2023年10月13日~10月16日の福島訪問に参加した2名の大学生のレポートです。
訪問を通して知ったことや考えたこと、感じたことについて報告していただきました。

*大学生より提出していただいた報告書を修正等はせずにそのまま掲載しています。
*訪問中の写真は<こちら>で公開しています。

田中 静瑠(大学4年生)

 私は2021年、2022年と合わせて4回目の福島訪問でした。今回訪れた場所の中には今まで訪問したことのある場所もいくつかありましたが、行くたびに気づきや新しく知ることがあります。

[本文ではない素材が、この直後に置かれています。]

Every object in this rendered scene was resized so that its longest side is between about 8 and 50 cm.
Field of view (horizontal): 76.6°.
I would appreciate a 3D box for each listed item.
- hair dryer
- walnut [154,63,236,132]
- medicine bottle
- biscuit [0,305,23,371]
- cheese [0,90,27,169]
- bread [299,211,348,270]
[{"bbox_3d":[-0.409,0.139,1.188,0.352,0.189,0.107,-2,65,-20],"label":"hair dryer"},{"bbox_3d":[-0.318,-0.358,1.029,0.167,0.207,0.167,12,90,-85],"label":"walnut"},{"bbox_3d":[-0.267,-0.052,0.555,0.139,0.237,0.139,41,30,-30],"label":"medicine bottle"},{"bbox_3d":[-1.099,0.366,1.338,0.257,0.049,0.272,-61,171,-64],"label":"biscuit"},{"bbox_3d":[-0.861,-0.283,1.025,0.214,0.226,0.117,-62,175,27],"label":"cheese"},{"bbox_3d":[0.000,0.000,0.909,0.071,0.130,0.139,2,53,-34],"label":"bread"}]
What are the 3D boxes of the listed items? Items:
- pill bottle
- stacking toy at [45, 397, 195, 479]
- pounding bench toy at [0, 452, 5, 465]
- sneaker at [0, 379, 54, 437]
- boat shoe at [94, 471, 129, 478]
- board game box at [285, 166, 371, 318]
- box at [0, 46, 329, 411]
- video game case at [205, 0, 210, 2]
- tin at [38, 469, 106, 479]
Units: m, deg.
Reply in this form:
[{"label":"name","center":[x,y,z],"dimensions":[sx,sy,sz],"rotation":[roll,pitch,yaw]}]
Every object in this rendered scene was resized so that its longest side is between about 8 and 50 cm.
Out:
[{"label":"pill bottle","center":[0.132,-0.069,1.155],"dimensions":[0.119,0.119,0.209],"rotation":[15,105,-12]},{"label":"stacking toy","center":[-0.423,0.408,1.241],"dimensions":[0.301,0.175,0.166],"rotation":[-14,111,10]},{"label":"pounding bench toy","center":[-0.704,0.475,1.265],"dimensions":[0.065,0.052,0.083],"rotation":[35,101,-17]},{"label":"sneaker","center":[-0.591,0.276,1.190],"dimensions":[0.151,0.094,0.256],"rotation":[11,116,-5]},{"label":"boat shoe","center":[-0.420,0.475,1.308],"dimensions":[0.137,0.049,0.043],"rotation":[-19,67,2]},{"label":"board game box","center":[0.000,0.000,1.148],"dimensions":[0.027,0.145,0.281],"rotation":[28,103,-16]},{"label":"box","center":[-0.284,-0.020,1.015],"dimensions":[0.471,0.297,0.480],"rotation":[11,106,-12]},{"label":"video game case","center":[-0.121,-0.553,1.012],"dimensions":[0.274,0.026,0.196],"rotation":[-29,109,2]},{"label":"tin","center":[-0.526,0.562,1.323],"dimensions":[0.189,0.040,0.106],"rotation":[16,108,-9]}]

   年々避難指示が解除され、新しく住宅や施設が建設されていく反面、そのすぐ隣で高い線量が計測されることも珍しくありません。そんな福島の現状を私の感じたことを通してお伝えします。

◇ あじさいの会

 あじさいの会は、小児甲状腺がん患者と家族、支援者による支援グループです。甲状腺がん患者が少しでもより良い治療を受け、より良い生活を送れるよう、お互いに情報共有しながら、支え合っています。(あじさいの会ホームページより一部引用)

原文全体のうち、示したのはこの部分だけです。